Russian CEOs have gone from most confident to least, says global CEO index
AFP PhotoChief executives are less optimistic about the global economy this year than last year, with Russian CEOs showing the least amount of confidence, a survey by PricewaterhouseCoopers (PwC) has shown.
PwC’s annual survey shows that just 37 percent of all surveyed company chiefs believe the economy will improve in 2015, down from 44 percent last year. Russia’s bosses have gone from the most confident to the least, due to problems caused by sanctions and the falling oil price, said the report, which was first unveiled at the World Economic Forum (WEF) in Davos last week.
Looking country by country, India’s CEOs top the list, with 62 percent very confident in their short-term growth prospects. Other leading countries include Mexico (50 percent), the U.S. (46 percent) and Australia (43 percent), followed by the UK, South Africa, China, Germany and Brazil. Among the least confident countries are France (23 percent), Venezuela (22 percent), Italy (20 percent), Argentina (17 percent) and, at the bottom of the list, Russia, with only 16 percent of CEOs very confident of revenue growth for 2015. This is down from 53% last year, when Russia’s CEOs were the most confident in the world.

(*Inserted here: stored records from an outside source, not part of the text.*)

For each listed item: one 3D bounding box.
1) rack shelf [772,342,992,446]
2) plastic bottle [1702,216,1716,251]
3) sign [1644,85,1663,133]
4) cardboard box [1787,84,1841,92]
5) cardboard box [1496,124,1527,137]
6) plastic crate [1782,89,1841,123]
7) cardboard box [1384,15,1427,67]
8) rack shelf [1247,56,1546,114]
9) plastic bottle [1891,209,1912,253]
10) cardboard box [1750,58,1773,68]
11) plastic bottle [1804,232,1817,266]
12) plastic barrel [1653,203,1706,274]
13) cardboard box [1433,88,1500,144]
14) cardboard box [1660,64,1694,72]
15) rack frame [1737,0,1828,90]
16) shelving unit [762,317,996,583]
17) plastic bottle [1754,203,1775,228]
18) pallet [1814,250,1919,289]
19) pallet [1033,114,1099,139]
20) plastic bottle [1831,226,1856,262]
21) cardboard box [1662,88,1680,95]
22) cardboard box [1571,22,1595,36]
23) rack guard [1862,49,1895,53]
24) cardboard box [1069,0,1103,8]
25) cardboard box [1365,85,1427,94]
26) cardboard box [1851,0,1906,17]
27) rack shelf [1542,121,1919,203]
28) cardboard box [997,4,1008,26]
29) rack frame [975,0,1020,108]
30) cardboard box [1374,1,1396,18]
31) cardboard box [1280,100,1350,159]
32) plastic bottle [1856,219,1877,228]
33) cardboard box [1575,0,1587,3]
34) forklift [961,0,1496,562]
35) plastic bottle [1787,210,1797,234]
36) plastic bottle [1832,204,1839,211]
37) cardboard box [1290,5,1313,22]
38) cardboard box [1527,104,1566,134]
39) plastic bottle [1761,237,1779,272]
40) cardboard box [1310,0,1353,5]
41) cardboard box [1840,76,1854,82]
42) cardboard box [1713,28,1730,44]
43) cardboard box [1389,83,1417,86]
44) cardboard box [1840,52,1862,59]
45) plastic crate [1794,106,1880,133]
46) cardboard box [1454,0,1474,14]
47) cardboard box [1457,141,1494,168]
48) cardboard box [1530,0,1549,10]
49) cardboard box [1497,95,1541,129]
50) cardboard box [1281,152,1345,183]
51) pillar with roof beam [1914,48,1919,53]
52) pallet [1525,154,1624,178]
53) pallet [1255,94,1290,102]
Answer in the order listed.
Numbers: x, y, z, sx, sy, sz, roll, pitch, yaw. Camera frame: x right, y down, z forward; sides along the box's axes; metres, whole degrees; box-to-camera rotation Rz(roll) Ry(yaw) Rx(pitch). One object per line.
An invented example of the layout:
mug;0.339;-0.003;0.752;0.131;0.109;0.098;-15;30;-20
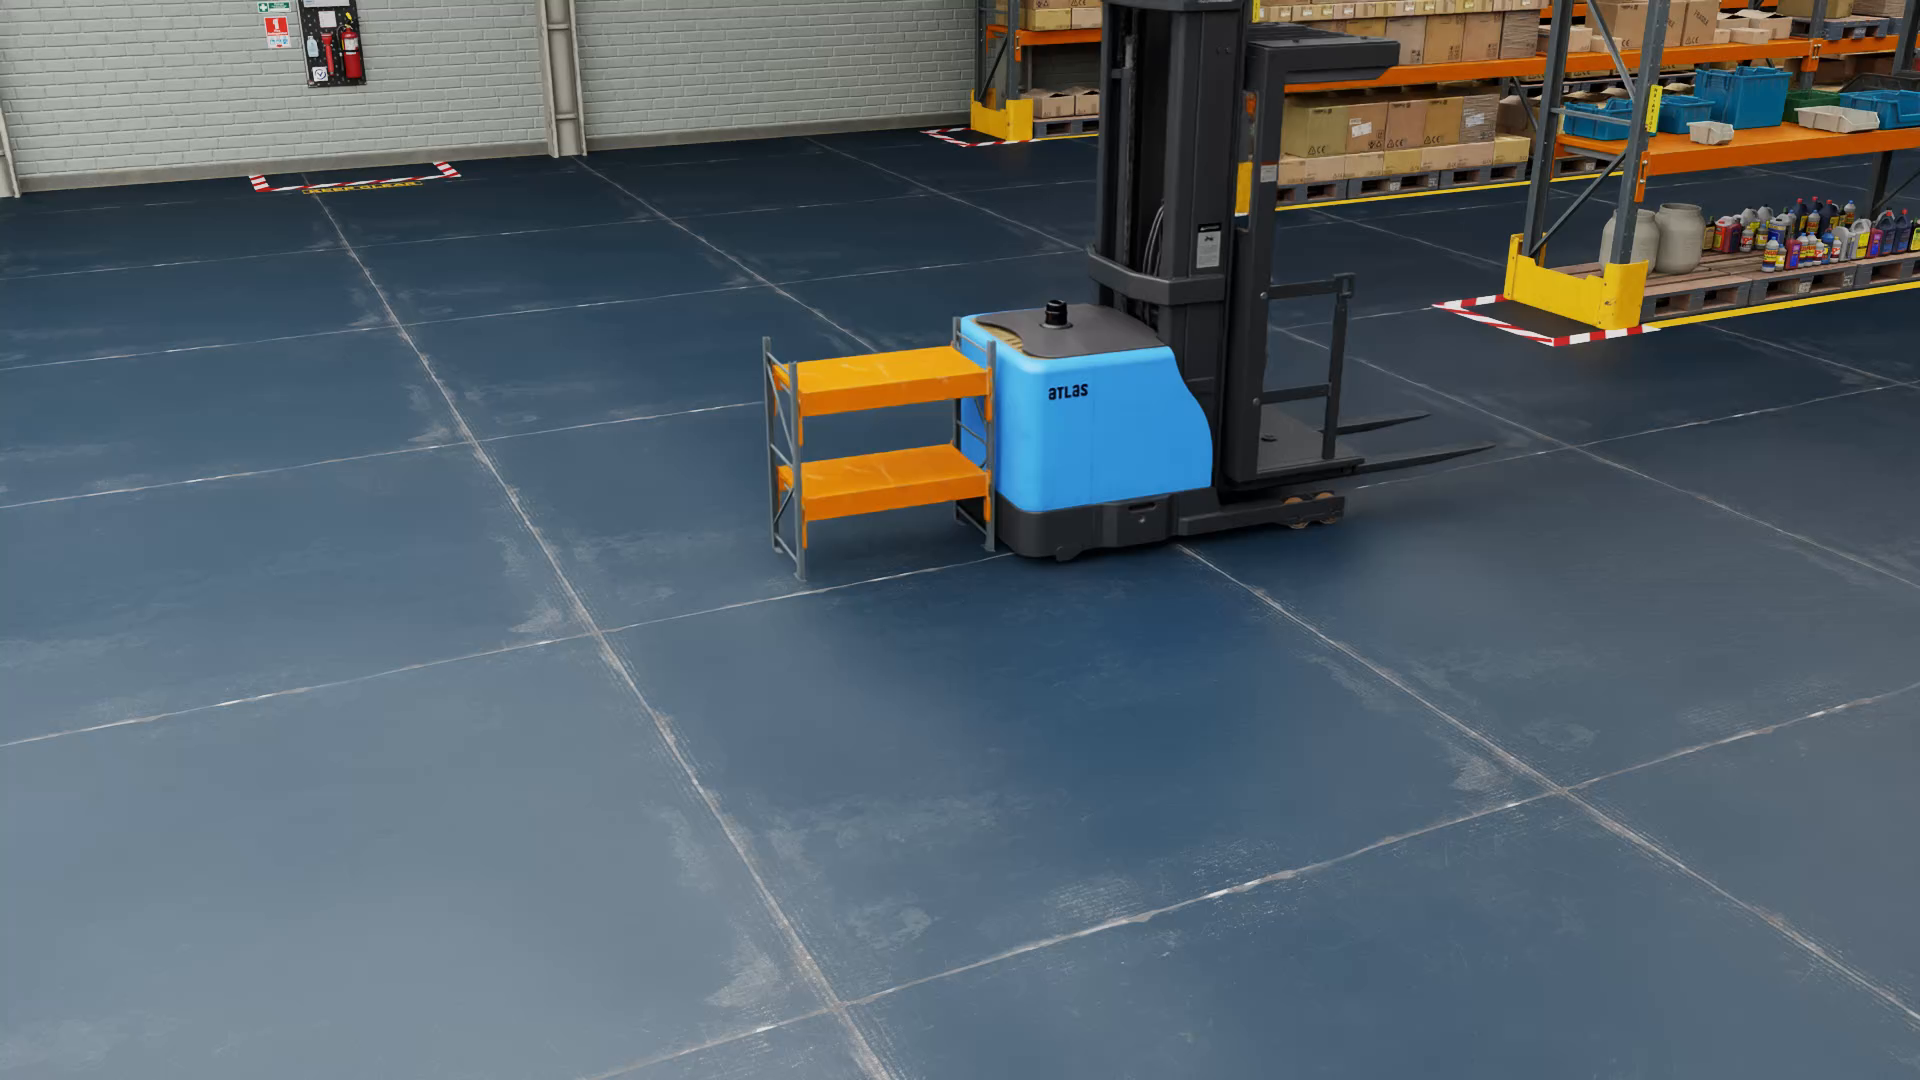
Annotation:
rack shelf;-0.401;-0.742;8.306;1.000;0.278;0.538;-9;24;-20
plastic bottle;6.317;-2.596;14.075;0.133;0.283;0.061;-10;24;-22
sign;4.990;-3.104;11.964;0.005;0.325;0.100;-10;25;-24
cardboard box;10.353;-5.226;20.146;0.500;0.500;0.500;-9;24;-21
cardboard box;6.462;-4.629;19.058;0.500;0.250;0.500;-11;25;-24
plastic crate;7.014;-3.604;13.811;0.662;0.188;0.450;-10;25;-24
cardboard box;4.430;-5.251;17.382;0.500;0.500;0.700;-10;24;-22
rack shelf;4.412;-4.873;17.541;4.000;0.370;1.077;-10;25;-24
plastic bottle;7.904;-2.603;14.004;0.185;0.351;0.144;-11;25;-25
cardboard box;12.444;-7.781;26.344;0.500;0.500;0.700;-11;25;-24
plastic bottle;6.923;-2.375;13.559;0.097;0.271;0.097;0;22;0
plastic barrel;5.767;-2.429;13.400;0.421;0.512;0.421;0;22;0
cardboard box;5.436;-4.576;17.948;0.500;0.500;0.500;-10;25;-24
cardboard box;10.742;-7.619;25.495;0.750;0.750;0.750;-10;25;-23
rack frame;9.819;-6.201;19.808;0.127;3.000;1.000;-10;25;-24
shelving unit;-0.401;-0.471;8.418;1.048;1.125;0.538;-9;24;-20
plastic bottle;6.899;-2.716;14.278;0.185;0.351;0.144;-11;25;-24
pallet;7.736;-2.444;14.378;1.213;0.211;1.003;-10;25;-24
pallet;1.274;-5.427;21.584;1.213;0.211;1.003;-10;25;-24
plastic bottle;7.292;-2.457;13.750;0.135;0.276;0.152;-10;24;-23
cardboard box;8.289;-5.224;19.761;0.500;0.311;0.500;-11;25;-25
cardboard box;6.927;-5.684;18.736;0.258;0.266;0.396;-11;25;-25
rack guard;14.897;-8.083;27.624;0.348;0.500;1.175;-10;25;-24
cardboard box;1.469;-6.921;20.737;0.500;0.500;0.500;-10;25;-23
cardboard box;4.760;-4.672;18.181;0.500;0.500;0.500;-10;25;-24
cardboard box;11.244;-6.670;20.262;0.500;0.500;0.700;-6;23;-14
rack shelf;6.557;-3.165;13.416;4.000;0.370;1.077;-10;25;-24
cardboard box;0.796;-6.664;21.098;0.500;0.250;0.500;-10;25;-23
rack frame;0.458;-6.580;20.725;0.127;3.000;1.000;-10;25;-24
cardboard box;4.217;-5.425;16.954;0.250;0.149;0.380;-11;25;-24
cardboard box;3.640;-4.240;17.136;0.500;0.500;0.500;-10;25;-24
plastic bottle;7.644;-2.583;14.055;0.135;0.276;0.152;-10;25;-24
cardboard box;8.974;-7.959;24.358;0.250;0.149;0.380;-10;24;-22
forklift;1.527;-1.590;8.759;3.031;2.935;1.130;-9;24;-20
plastic bottle;7.166;-2.713;14.373;0.097;0.271;0.097;0;22;0
plastic bottle;7.603;-2.809;14.601;0.135;0.276;0.152;-9;24;-22
cardboard box;3.294;-5.255;16.545;0.250;0.149;0.380;-11;25;-25
cardboard box;6.695;-4.703;18.501;0.500;0.311;0.500;-10;25;-23
plastic bottle;6.524;-2.302;13.381;0.097;0.271;0.097;0;22;0
cardboard box;3.556;-5.690;16.748;0.500;0.500;0.700;-11;25;-25
cardboard box;11.026;-5.571;20.979;0.500;0.500;0.500;-11;25;-26
cardboard box;8.694;-5.854;19.298;0.250;0.149;0.380;-9;24;-20
cardboard box;6.091;-6.681;23.660;0.500;0.500;0.700;-11;25;-24
cardboard box;14.288;-8.123;27.170;0.500;0.500;0.700;-10;25;-24
plastic crate;7.006;-3.351;13.268;0.437;0.136;0.530;-10;25;-24
cardboard box;5.145;-5.596;17.368;0.250;0.149;0.380;-11;25;-24
cardboard box;5.437;-4.229;18.090;0.500;0.250;0.500;-10;25;-24
cardboard box;6.062;-5.764;17.774;0.250;0.149;0.380;-10;25;-24
cardboard box;6.455;-4.886;18.944;0.500;0.311;0.500;-10;25;-24
cardboard box;3.639;-3.894;17.281;0.500;0.250;0.500;-10;25;-24
pillar with roof beam;18.800;-11.268;24.207;0.400;9.000;9.100;-10;25;-24
pallet;6.861;-4.384;19.066;1.213;0.211;1.003;-10;25;-24
pallet;4.764;-6.085;23.174;1.213;0.211;1.003;-10;25;-24

“The world is facing significant challenges economically, politically and socially. CEOs overall remain cautious in their near-term outlook for the worldwide economy, as well as for growth prospects for their own companies. While some mature markets like the U.S. appear to be rebounding, others like the eurozone continue to struggle. And while some emerging economies continue to expand rapidly, others are slowing. Finding the right strategic balance to sustain growth in this changing marketplace remains a challenge,” said Dennis M. Nally, Chairman of PwC International, by a press release.

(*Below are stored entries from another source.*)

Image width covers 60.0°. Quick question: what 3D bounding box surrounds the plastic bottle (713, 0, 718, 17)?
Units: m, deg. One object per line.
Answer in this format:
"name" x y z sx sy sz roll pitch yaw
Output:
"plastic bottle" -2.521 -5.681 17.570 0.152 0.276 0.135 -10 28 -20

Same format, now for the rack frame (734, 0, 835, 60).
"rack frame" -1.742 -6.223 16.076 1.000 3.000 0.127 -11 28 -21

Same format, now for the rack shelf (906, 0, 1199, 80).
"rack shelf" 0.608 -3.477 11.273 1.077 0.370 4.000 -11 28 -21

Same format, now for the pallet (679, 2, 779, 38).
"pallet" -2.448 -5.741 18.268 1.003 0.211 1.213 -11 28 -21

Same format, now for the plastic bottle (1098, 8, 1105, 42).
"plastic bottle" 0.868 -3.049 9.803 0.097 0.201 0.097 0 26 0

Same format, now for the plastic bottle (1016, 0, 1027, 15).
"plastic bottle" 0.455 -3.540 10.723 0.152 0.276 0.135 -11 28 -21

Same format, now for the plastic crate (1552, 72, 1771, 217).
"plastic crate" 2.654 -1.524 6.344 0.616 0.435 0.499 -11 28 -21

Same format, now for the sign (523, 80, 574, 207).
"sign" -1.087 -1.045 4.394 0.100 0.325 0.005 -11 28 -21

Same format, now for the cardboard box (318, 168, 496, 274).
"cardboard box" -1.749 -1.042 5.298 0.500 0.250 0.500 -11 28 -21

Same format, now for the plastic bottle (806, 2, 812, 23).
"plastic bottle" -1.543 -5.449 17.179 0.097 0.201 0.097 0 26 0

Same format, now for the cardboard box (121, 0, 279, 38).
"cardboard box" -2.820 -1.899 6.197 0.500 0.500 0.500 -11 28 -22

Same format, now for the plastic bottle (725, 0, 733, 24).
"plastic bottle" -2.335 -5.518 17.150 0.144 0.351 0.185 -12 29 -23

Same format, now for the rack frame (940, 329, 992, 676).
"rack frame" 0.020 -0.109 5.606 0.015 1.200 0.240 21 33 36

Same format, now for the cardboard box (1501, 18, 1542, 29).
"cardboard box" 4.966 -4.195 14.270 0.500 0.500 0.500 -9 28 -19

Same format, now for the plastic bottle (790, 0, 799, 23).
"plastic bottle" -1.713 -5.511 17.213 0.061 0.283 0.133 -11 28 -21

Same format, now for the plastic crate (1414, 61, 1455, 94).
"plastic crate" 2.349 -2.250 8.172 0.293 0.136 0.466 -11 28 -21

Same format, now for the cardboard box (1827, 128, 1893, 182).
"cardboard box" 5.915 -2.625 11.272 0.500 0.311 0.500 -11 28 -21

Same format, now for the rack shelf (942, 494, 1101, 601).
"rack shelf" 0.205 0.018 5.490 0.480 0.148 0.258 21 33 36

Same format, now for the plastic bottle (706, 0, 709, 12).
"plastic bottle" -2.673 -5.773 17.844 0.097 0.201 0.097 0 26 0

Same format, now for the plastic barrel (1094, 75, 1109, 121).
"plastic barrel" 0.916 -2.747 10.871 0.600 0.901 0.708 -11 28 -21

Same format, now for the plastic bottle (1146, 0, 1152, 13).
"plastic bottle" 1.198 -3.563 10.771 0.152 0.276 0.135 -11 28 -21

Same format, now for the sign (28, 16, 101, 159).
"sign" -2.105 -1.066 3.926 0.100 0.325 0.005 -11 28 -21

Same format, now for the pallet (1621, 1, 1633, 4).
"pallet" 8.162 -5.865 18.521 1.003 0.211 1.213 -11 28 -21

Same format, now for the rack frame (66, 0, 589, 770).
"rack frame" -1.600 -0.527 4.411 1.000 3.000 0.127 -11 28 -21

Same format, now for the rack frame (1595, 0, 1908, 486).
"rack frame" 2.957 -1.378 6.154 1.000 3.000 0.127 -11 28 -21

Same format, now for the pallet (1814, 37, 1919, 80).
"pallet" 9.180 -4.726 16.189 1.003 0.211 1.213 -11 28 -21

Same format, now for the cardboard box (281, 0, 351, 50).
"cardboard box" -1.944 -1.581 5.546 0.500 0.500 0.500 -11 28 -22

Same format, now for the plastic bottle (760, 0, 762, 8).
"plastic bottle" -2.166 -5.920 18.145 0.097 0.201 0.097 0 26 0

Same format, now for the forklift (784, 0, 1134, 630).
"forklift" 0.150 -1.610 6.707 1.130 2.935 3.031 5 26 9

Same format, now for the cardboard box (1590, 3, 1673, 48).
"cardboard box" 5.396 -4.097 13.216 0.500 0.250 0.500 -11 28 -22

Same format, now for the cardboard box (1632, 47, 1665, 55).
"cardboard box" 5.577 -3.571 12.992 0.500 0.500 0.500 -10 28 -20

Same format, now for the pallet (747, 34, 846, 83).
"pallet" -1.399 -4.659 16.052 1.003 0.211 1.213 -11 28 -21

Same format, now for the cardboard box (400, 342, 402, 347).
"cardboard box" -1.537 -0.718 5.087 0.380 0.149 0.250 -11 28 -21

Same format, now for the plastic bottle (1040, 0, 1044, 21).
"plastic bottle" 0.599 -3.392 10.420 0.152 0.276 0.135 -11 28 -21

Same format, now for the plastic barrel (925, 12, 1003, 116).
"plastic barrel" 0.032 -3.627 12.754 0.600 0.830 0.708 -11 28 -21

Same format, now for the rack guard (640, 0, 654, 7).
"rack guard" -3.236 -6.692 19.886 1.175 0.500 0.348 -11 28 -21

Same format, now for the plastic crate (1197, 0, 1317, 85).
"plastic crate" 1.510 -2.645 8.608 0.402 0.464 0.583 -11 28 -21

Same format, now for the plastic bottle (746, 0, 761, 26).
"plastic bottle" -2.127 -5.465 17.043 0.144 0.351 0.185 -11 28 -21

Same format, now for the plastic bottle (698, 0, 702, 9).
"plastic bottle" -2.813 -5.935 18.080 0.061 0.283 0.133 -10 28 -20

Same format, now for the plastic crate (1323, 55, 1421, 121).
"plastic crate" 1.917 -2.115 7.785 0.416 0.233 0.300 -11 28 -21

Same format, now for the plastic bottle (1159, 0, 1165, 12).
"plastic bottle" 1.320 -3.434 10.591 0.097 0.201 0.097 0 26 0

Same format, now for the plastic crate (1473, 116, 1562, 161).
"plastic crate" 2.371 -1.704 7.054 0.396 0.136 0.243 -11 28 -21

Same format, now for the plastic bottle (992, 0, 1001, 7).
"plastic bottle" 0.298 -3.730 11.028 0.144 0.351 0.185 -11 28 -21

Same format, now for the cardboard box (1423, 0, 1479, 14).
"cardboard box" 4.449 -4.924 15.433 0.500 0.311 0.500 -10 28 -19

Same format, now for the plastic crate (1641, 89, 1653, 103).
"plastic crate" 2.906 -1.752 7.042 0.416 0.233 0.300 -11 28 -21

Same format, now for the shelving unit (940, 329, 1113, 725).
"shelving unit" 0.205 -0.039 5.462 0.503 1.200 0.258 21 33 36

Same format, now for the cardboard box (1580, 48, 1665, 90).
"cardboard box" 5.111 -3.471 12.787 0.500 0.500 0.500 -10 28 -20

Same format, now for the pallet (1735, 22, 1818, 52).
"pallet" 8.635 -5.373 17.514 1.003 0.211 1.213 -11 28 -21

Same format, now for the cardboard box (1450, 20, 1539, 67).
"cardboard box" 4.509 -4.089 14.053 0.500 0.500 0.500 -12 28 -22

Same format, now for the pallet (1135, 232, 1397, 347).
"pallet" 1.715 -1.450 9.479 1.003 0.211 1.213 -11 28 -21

“CEO confidence is down notably in oil-producing nations around the world as a result of plummeting crude oil prices. Russian CEOs, for example are the least confident this year. Confidence also slipped among CEOs in the Middle East, Venezuela, and Nigeria,” he added.

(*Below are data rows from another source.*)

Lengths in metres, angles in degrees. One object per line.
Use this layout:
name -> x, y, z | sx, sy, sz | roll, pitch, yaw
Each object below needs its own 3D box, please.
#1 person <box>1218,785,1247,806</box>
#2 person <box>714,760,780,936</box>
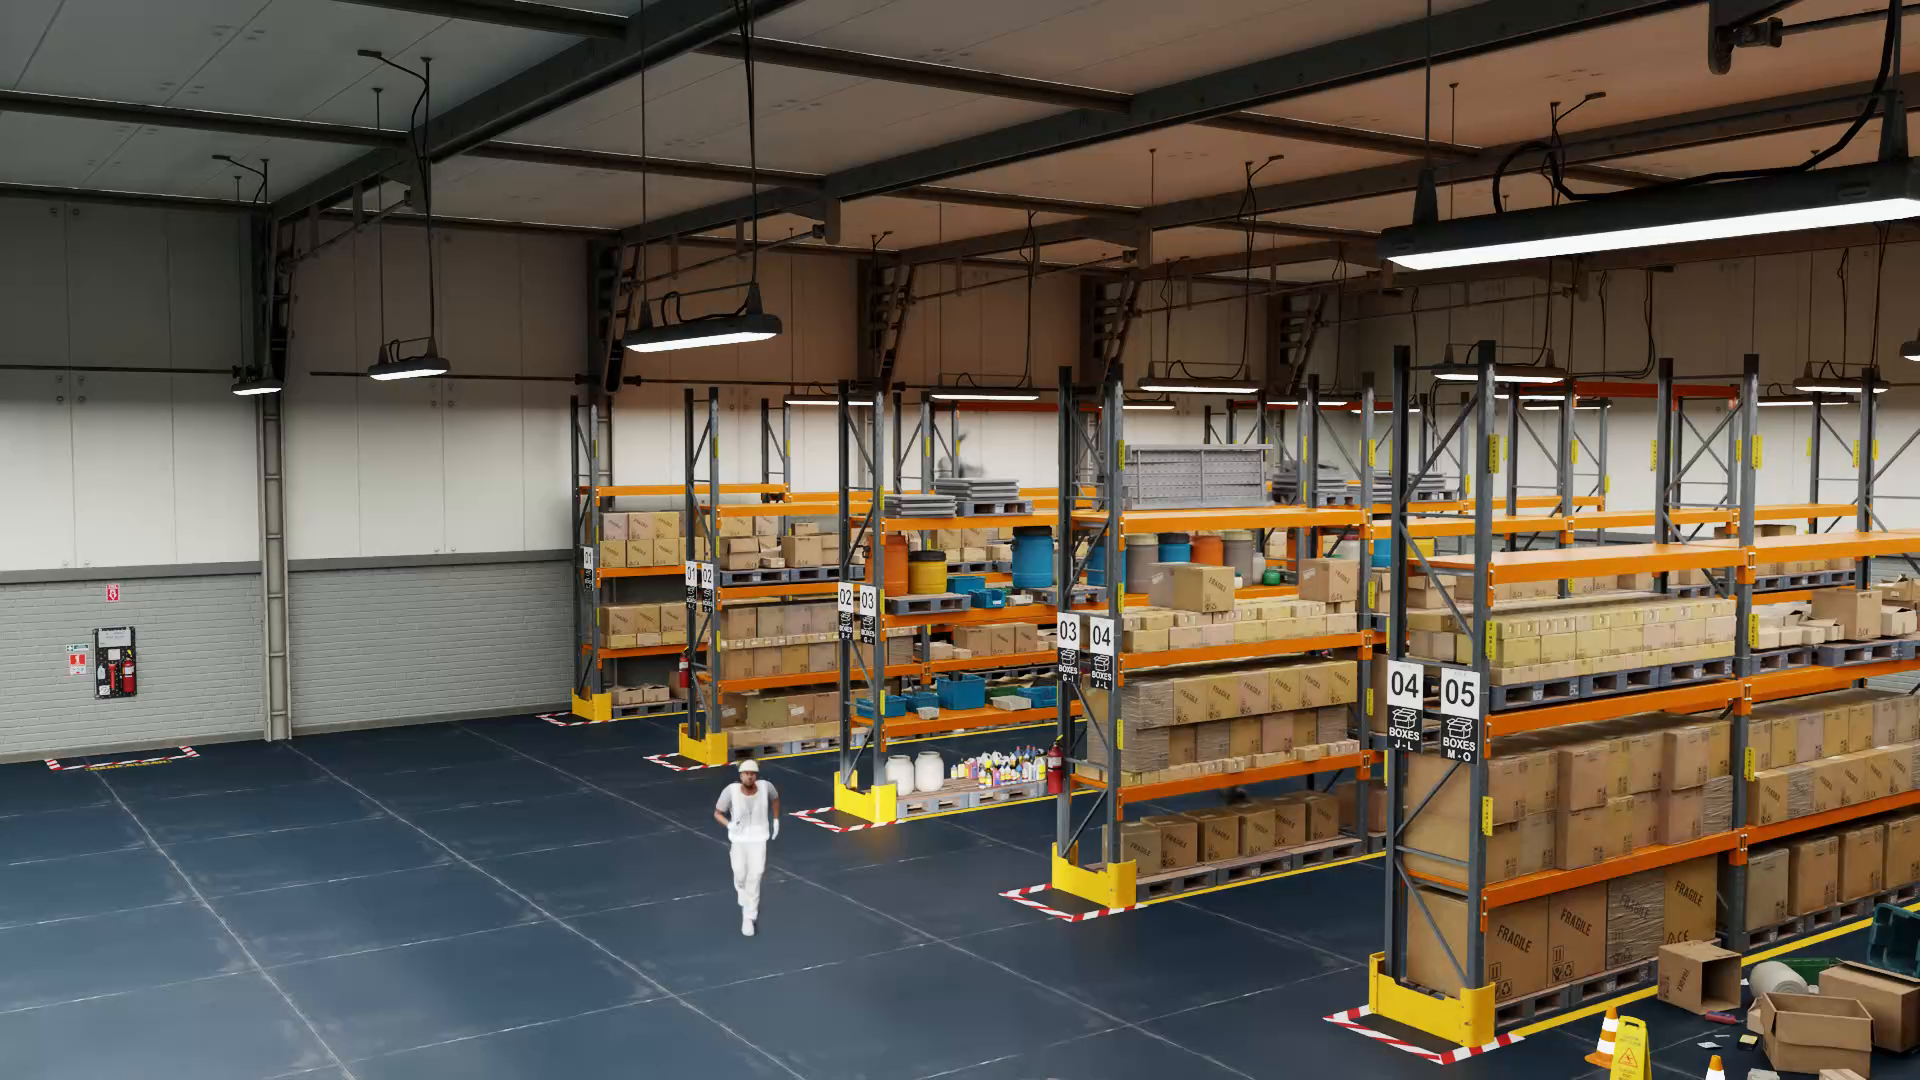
person -> 3.718, 3.028, 22.375 | 0.592, 1.606, 0.581 | -3, 4, -39
person -> -2.259, 3.206, 17.714 | 0.708, 1.776, 0.993 | -1, 3, -11

One of the most interesting results of the survey showed that CEOs rank the U.S. as the most important market for growth over the next 12 months, placing it ahead of China for the first time since PwC started asking this question five years ago. Overall, 38 percent of CEOs say the U.S. is among their top-three overseas growth markets, compared with 34 percent for China, 19 percent for Germany, 11 percent for the UK and 10 percent for Brazil.
On a global level, the biggest worries that chief executives have are geo-political uncertainties, over-regulation and cyber security.
PwC interviewed over 1,300 chief executives from 77 countries over the final three months of 2014 for the survey.